Mary smacked her palms on the desk, and the rhino’s oversized keyboard rattled. “No, he’s a writer! German.”
“I knew a German once. A poacher. Probably not the same guy.”
“No! Not the same guy!” Mary scrunched her nose and threw her head back.
As I watched her gaze plaintively at the ceiling, I was reminded of the time she got hammered and confessed that she often daydreamed about Goethe, da Vinci and Pacioli palling around in the afterlife, discoursing about art, science and the meaning of life. I knew that in her imaginings she was right there with them. But instead, she was here in this office with a rhinoceros.
With her eyes shut and her head still pitched backward, Mary whispered, “Double-entry bookkeeping is a testament to the human spirit.” A tear leaked from her closed right eye. “It contains a holy harmony. It’s among humanity’s greatest achievements. Like a stirring painting or a moving poem, it has launched us one step closer to the divine.”
The rhino turned to her and said, “Look, lady, I don’t really care about holy harmonies or human achievements. I just care about not being shot in the flank and having my horn sawn off, you know? So I just want to sit here and pump out these corporate year-ends.”
***
Mary slammed back a Scotch and threw the empty tumbler into a cardboard box in her living room. She was being evicted at the end of the week.
“That rhino has no passion for accounting!” she cried. Her face was tear-stained, her makeup smeared. Her hair had shaken loose as she paced furiously.
“Not a lick,” I said.
“Didn’t even know da Vinci! Never heard of Goethe!” She paused to stare at a framed photograph of Goethe on the wall. She brushed her fingertips against his cheek and choked back a sob. Then she resumed ranting. “It’s an outrage! A goddamn outrage! What does a rhino know about the human spirit?”
“Not much.”
“And you,” she said, stabbing a finger into my chest. “You agree to work with someone like this? Honest to God, Jim, where’s your self-respect?”
Then she threw back another Scotch and passed out between the cardboard boxes on the floor.
***
A few months later, I heard Mary had died of a heart attack. When I arrived at work, I went straight into Feldenkirk’s office to pass along the news. But instead of Feldenkirk, I was greeted by the rhino.
“I’ve been promoted!” Steve said from behind the big wooden desk.
What could I say? I congratulated the guy, then told him about Mary and asked for funeral leave.

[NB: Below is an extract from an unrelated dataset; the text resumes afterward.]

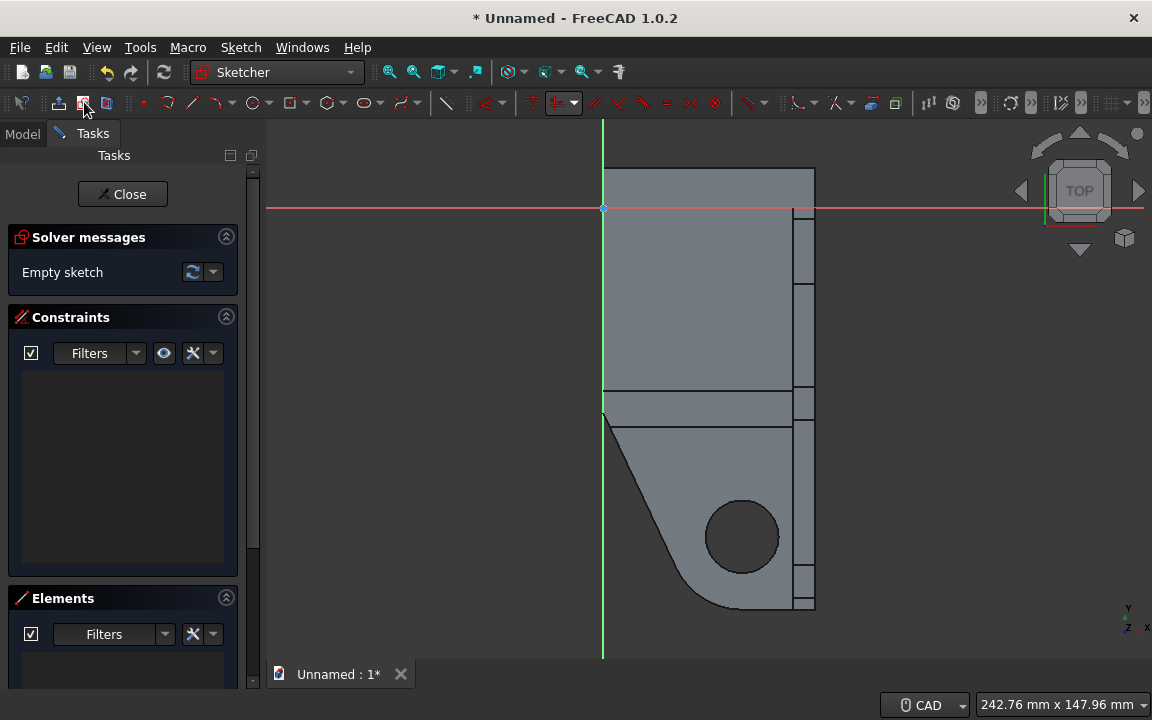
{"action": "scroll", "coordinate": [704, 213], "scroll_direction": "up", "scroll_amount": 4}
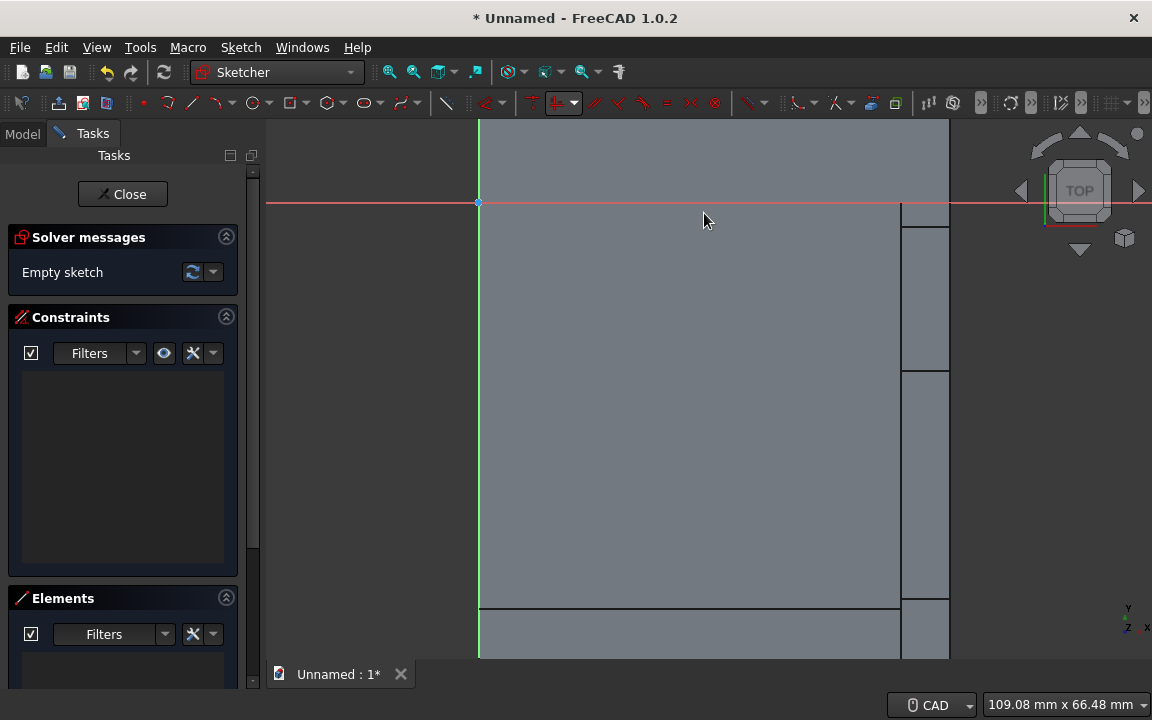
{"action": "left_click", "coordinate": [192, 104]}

“Ooh, no can-do, Jim,” he said, flattening his red tie. “We need you here, crunching those numbers.” Then he explained the upcoming pay cuts. “But you know,” he said, putting a hoof on my shoulder and ushering me toward the door, “your friend Mary was right about one thing. There’s a holy harmony to this business, isn’t there? Work hard, get promoted. A debit and a credit, huh?”
He laughed lightly, then pushed me out of his office.
***
At the rhino’s old desk, which was Mary’s old desk, now sat a bird with a broken wing who pecked at her keyboard all day long. Joan and Gary from the other side of the office had been replaced by a pair of stray cats.
As I sat at my desk, listening to the pecking and the mewling that had supplanted lively office chatter, I thought about poor, dead Mary. I imagined her in the afterlife, seated at a table with Goethe and da Vinci, spending eternity in passionate dialogue.
Better off dead, I decided, because down here, in this office, there was no place left for a person of passion.